Donations to U.S. not-for-profit hospitals and health care systems increased by 8% in fiscal year 2010 to $8.26 billion, the largest one-year jump since 2006, according to a new Association for Healthcare Philanthropy report, Modern Healthcare reports (Evans, Modern Healthcare, 6/13).

According to AHP's annual survey, almost 60% of donations and grants came from individual donors. Annual giving accounted for 20% of all giving and was the largest source of funds raised. Major gifts accounted for 17%, followed by capital campaigns and special events, which each accounted for about 15%.

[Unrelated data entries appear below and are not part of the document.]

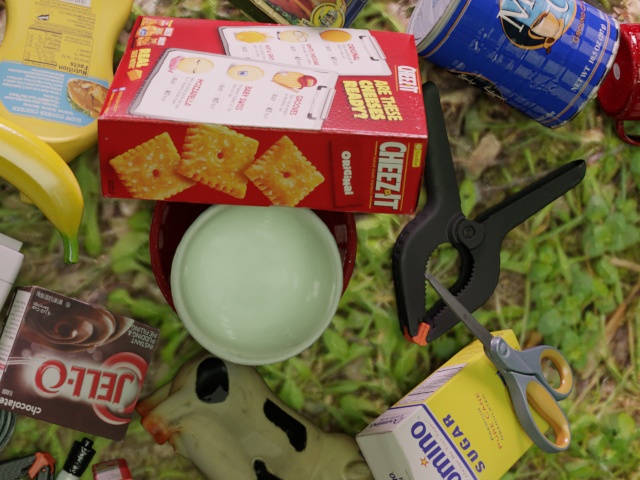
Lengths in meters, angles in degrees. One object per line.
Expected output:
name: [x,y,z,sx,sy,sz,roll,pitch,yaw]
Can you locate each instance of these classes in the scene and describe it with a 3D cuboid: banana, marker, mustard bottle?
banana: [-0.241,-0.058,0.738,0.197,0.037,0.069,30,79,-12]
marker: [-0.205,0.206,0.812,0.020,0.020,0.121,29,83,-13]
mustard bottle: [-0.198,-0.121,0.794,0.096,0.058,0.191,10,87,-15]

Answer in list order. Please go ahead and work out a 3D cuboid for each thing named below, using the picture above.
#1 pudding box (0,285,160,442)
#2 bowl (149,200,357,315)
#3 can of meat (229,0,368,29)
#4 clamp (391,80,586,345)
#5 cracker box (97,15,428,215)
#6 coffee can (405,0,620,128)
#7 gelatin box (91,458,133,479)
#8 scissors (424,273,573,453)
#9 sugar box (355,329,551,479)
pudding box: [-0.184,0.091,0.787,0.113,0.039,0.090,24,77,-34]
bowl: [-0.055,0.001,0.833,0.162,0.055,0.162,0,90,-15]
can of meat: [-0.015,-0.200,0.844,0.102,0.057,0.084,37,83,-12]
clamp: [0.127,-0.009,0.890,0.164,0.036,0.210,18,88,-13]
cracker box: [-0.038,-0.091,0.761,0.213,0.164,0.072,4,125,-1]
coffee can: [0.153,-0.167,0.863,0.140,0.103,0.103,26,83,-13]
gelatin box: [-0.150,0.216,0.799,0.030,0.073,0.089,-10,93,-14]
scissors: [0.151,0.081,0.856,0.201,0.016,0.096,57,42,-16]
sugar box: [0.110,0.149,0.840,0.175,0.048,0.093,-32,100,-46]
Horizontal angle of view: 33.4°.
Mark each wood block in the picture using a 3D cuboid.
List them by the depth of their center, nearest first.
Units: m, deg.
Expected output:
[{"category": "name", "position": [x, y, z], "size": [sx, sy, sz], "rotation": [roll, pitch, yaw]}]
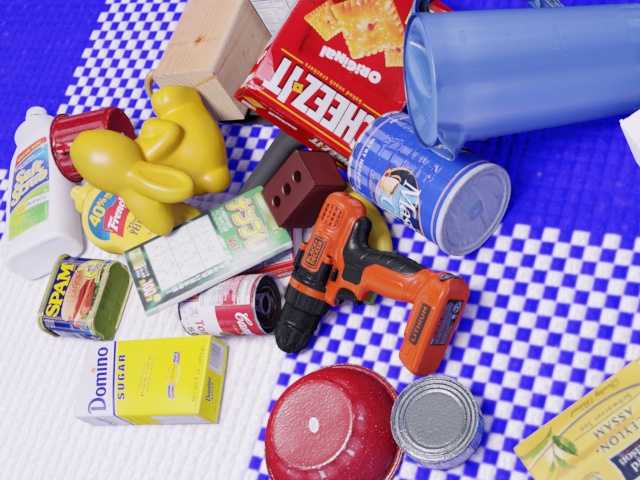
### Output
[{"category": "wood block", "position": [-0.118, -0.256, 1.331], "size": [0.091, 0.090, 0.206], "rotation": [0, 55, 31]}]

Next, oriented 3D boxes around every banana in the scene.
[{"category": "banana", "position": [0.031, -0.021, 1.180], "size": [0.070, 0.037, 0.198], "rotation": [-37, 53, 7]}]

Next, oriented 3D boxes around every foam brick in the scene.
[{"category": "foam brick", "position": [-0.019, -0.056, 1.170], "size": [0.078, 0.051, 0.053], "rotation": [-49, 58, 37]}]

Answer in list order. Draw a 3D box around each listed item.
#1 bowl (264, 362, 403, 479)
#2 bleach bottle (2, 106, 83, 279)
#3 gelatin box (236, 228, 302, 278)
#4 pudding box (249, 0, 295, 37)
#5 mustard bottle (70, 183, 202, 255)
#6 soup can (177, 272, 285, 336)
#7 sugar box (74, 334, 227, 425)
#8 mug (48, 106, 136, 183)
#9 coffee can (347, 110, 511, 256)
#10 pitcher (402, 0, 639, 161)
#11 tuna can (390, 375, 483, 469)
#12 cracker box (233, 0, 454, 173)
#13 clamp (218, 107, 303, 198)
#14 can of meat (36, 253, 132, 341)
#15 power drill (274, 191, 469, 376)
[{"category": "bowl", "position": [0.003, 0.192, 1.072], "size": [0.162, 0.055, 0.162], "rotation": [-13, 60, 23]}, {"category": "bleach bottle", "position": [-0.377, -0.076, 1.423], "size": [0.103, 0.068, 0.251], "rotation": [-27, 53, 14]}, {"category": "gelatin box", "position": [-0.058, 0.002, 1.222], "size": [0.073, 0.030, 0.089], "rotation": [-15, 59, 21]}, {"category": "pudding box", "position": [-0.027, -0.277, 1.298], "size": [0.090, 0.113, 0.039], "rotation": [4, 56, 31]}, {"category": "mustard bottle", "position": [-0.233, -0.025, 1.301], "size": [0.192, 0.058, 0.096], "rotation": [25, 79, 29]}, {"category": "soup can", "position": [-0.099, 0.072, 1.183], "size": [0.102, 0.068, 0.068], "rotation": [-4, 63, 28]}, {"category": "sugar box", "position": [-0.193, 0.159, 1.205], "size": [0.176, 0.048, 0.093], "rotation": [-6, 63, 26]}, {"category": "mug", "position": [-0.296, -0.126, 1.374], "size": [0.082, 0.117, 0.093], "rotation": [-10, 93, 19]}, {"category": "coffee can", "position": [0.112, -0.061, 1.113], "size": [0.140, 0.102, 0.103], "rotation": [36, 86, 38]}, {"category": "pitcher", "position": [0.206, -0.179, 1.056], "size": [0.242, 0.149, 0.145], "rotation": [-7, 29, -7]}, {"category": "tuna can", "position": [0.113, 0.176, 1.026], "size": [0.086, 0.033, 0.086], "rotation": [-9, 62, 17]}, {"category": "cracker box", "position": [0.030, -0.208, 1.200], "size": [0.213, 0.164, 0.072], "rotation": [-59, 10, -10]}, {"category": "clamp", "position": [-0.033, -0.133, 1.274], "size": [0.210, 0.036, 0.164], "rotation": [-22, 55, 17]}, {"category": "can of meat", "position": [-0.285, 0.070, 1.297], "size": [0.084, 0.057, 0.102], "rotation": [4, 68, 28]}, {"category": "power drill", "position": [0.046, 0.064, 1.097], "size": [0.188, 0.057, 0.184], "rotation": [29, 104, 31]}]
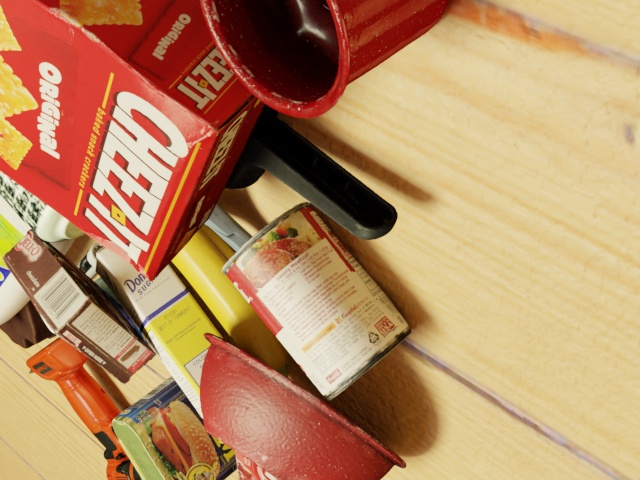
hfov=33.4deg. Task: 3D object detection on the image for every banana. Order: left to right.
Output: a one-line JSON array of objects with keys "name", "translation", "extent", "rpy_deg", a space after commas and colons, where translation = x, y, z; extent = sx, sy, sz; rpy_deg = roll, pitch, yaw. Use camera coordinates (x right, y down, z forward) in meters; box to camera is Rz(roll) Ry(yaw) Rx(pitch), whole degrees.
[{"name": "banana", "translation": [-0.082, 0.024, 0.768], "extent": [0.198, 0.037, 0.070], "rpy_deg": [53, 148, 2]}]

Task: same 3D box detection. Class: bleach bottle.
[{"name": "bleach bottle", "translation": [-0.289, 0.030, 0.944], "extent": [0.102, 0.068, 0.251], "rpy_deg": [46, 129, 9]}]

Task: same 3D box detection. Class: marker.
[{"name": "marker", "translation": [-0.212, 0.028, 0.960], "extent": [0.020, 0.020, 0.121], "rpy_deg": [54, 148, -1]}]

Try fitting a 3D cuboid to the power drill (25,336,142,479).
[{"name": "power drill", "translation": [-0.206, 0.173, 1.054], "extent": [0.187, 0.057, 0.185], "rpy_deg": [57, 148, -5]}]

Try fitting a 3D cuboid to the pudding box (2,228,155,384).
[{"name": "pudding box", "translation": [-0.187, 0.050, 0.823], "extent": [0.114, 0.039, 0.090], "rpy_deg": [43, 175, 43]}]

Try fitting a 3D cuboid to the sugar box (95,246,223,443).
[{"name": "sugar box", "translation": [-0.107, 0.075, 0.828], "extent": [0.176, 0.048, 0.093], "rpy_deg": [56, 164, 1]}]

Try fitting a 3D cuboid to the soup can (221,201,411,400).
[{"name": "soup can", "translation": [-0.002, 0.036, 0.645], "extent": [0.102, 0.068, 0.069], "rpy_deg": [50, 148, 5]}]

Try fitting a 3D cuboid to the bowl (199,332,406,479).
[{"name": "bowl", "translation": [-0.024, 0.128, 0.710], "extent": [0.162, 0.055, 0.162], "rpy_deg": [32, 169, 7]}]

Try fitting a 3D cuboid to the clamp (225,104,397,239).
[{"name": "clamp", "translation": [-0.040, -0.068, 0.619], "extent": [0.210, 0.036, 0.164], "rpy_deg": [-13, 101, 58]}]

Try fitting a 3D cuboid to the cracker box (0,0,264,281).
[{"name": "cracker box", "translation": [-0.145, -0.093, 0.586], "extent": [0.213, 0.072, 0.164], "rpy_deg": [36, 145, 2]}]

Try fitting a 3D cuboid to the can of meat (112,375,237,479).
[{"name": "can of meat", "translation": [-0.116, 0.168, 0.906], "extent": [0.058, 0.083, 0.102], "rpy_deg": [-14, 108, 57]}]

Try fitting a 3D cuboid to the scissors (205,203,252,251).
[{"name": "scissors", "translation": [-0.055, 0.001, 0.724], "extent": [0.201, 0.016, 0.096], "rpy_deg": [44, 174, -12]}]

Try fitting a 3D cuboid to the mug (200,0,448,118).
[{"name": "mug", "translation": [-0.004, -0.122, 0.483], "extent": [0.117, 0.081, 0.093], "rpy_deg": [41, 146, 20]}]
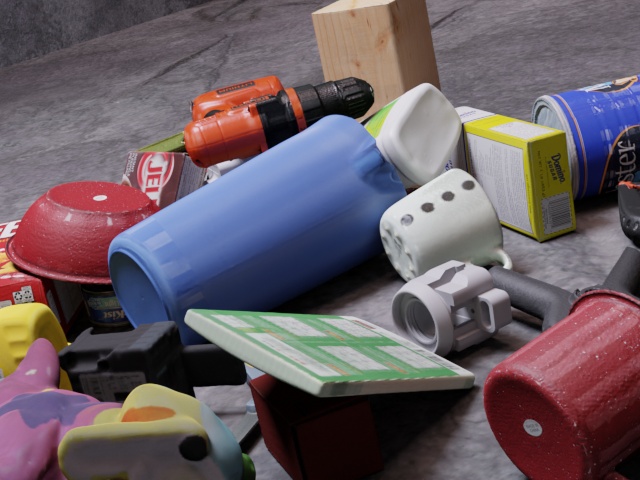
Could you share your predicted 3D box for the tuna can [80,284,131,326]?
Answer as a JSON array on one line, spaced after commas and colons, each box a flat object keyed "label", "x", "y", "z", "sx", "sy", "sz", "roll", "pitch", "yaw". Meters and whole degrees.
[{"label": "tuna can", "x": -0.175, "y": 0.045, "z": 0.977, "sx": 0.086, "sy": 0.034, "sz": 0.086, "roll": -11, "pitch": 19, "yaw": 4}]

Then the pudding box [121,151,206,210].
[{"label": "pudding box", "x": -0.166, "y": -0.033, "z": 1.078, "sx": 0.090, "sy": 0.113, "sz": 0.039, "roll": 5, "pitch": -7, "yaw": 43}]

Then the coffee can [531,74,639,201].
[{"label": "coffee can", "x": 0.281, "y": -0.099, "z": 0.995, "sx": 0.140, "sy": 0.103, "sz": 0.103, "roll": -14, "pitch": 19, "yaw": -4}]

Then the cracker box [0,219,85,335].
[{"label": "cracker box", "x": -0.307, "y": 0.040, "z": 1.017, "sx": 0.164, "sy": 0.072, "sz": 0.213, "roll": -10, "pitch": 19, "yaw": 5}]

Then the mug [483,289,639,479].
[{"label": "mug", "x": 0.151, "y": 0.094, "z": 0.579, "sx": 0.081, "sy": 0.093, "sz": 0.117, "roll": -28, "pitch": 61, "yaw": -27}]

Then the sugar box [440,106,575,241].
[{"label": "sugar box", "x": 0.167, "y": -0.067, "z": 0.989, "sx": 0.048, "sy": 0.093, "sz": 0.176, "roll": -15, "pitch": 20, "yaw": -15}]

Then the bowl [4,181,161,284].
[{"label": "bowl", "x": -0.202, "y": -0.014, "z": 0.965, "sx": 0.162, "sy": 0.055, "sz": 0.162, "roll": 6, "pitch": 20, "yaw": -2}]

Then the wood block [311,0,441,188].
[{"label": "wood block", "x": 0.068, "y": -0.148, "z": 1.107, "sx": 0.090, "sy": 0.206, "sz": 0.090, "roll": 0, "pitch": 23, "yaw": 32}]

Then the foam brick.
[{"label": "foam brick", "x": -0.004, "y": 0.112, "z": 0.657, "sx": 0.053, "sy": 0.051, "sz": 0.078, "roll": -19, "pitch": 20, "yaw": -16}]

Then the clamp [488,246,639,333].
[{"label": "clamp", "x": 0.177, "y": 0.050, "z": 0.737, "sx": 0.120, "sy": 0.039, "sz": 0.171, "roll": -11, "pitch": 19, "yaw": 10}]

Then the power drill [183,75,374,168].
[{"label": "power drill", "x": -0.052, "y": -0.127, "z": 1.061, "sx": 0.184, "sy": 0.057, "sz": 0.188, "roll": -16, "pitch": 13, "yaw": -9}]

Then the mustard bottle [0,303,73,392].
[{"label": "mustard bottle", "x": -0.279, "y": 0.104, "z": 0.783, "sx": 0.192, "sy": 0.096, "sz": 0.058, "roll": -8, "pitch": 20, "yaw": 14}]

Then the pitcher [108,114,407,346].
[{"label": "pitcher", "x": -0.056, "y": 0.001, "z": 0.912, "sx": 0.242, "sy": 0.149, "sz": 0.145, "roll": -29, "pitch": 39, "yaw": -30}]

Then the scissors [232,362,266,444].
[{"label": "scissors", "x": -0.051, "y": 0.111, "z": 0.745, "sx": 0.096, "sy": 0.016, "sz": 0.201, "roll": 3, "pitch": 24, "yaw": 41}]

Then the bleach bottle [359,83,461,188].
[{"label": "bleach bottle", "x": 0.021, "y": -0.066, "z": 1.047, "sx": 0.251, "sy": 0.068, "sz": 0.102, "roll": -24, "pitch": 27, "yaw": 47}]
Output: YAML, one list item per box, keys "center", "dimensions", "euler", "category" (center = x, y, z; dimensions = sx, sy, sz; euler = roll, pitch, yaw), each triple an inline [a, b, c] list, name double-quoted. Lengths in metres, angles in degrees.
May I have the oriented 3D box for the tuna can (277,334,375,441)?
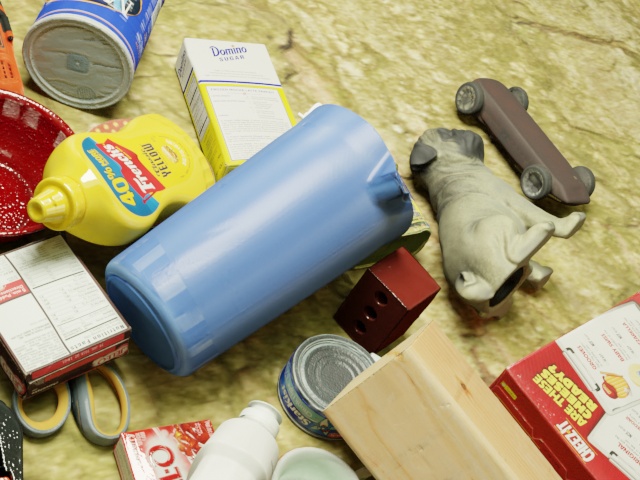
- center: [0.009, 0.121, 0.891]
  dimensions: [0.086, 0.034, 0.086]
  euler: [14, 47, -16]
  category: "tuna can"

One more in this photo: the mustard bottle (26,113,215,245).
- center: [-0.166, -0.045, 0.859]
  dimensions: [0.096, 0.058, 0.191]
  euler: [55, 30, 3]
  category: "mustard bottle"

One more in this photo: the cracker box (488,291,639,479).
- center: [0.270, 0.157, 0.970]
  dimensions: [0.213, 0.072, 0.164]
  euler: [-22, 64, -38]
  category: "cracker box"

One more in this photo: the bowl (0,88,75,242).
- center: [-0.276, -0.052, 0.879]
  dimensions: [0.162, 0.055, 0.162]
  euler: [14, 47, -16]
  category: "bowl"

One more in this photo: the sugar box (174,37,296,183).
- center: [-0.078, -0.123, 1.053]
  dimensions: [0.093, 0.048, 0.176]
  euler: [0, 49, -27]
  category: "sugar box"

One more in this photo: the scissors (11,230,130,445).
- center: [-0.211, 0.074, 0.831]
  dimensions: [0.096, 0.016, 0.202]
  euler: [-11, 58, -34]
  category: "scissors"

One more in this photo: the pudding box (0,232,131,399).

Despite strong donation growth, the average return on investment dropped in FY 2010. Last year, the cost-to-raise-a-dollar was 33 cents, and ROI declined by more than 4% to only $3.05 raised for each dollar spent on fundraising (Association for Healthcare Philanthropy release, 6/13). AHP attributes the decline to the struggling economy, noting, "Fundraising has become more challenging and, therefore, more expensive" (Modern Healthcare, 6/13).

AHP also noted that academic institutions, children's hospitals, programs that opened at least 15 years ago and hospitals with at least four professional fundraising staff members had higher than average fundraising success in FY 2010.

Donations in FY 2010 were directed toward a range of projects, including:

  • Construction and renovation (22%);
  • New equipment (20.6%);
  • General operations (17.6%); and
  • Community benefit programs (10.7%) (Association for Healthcare Philanthropy release, 6/13).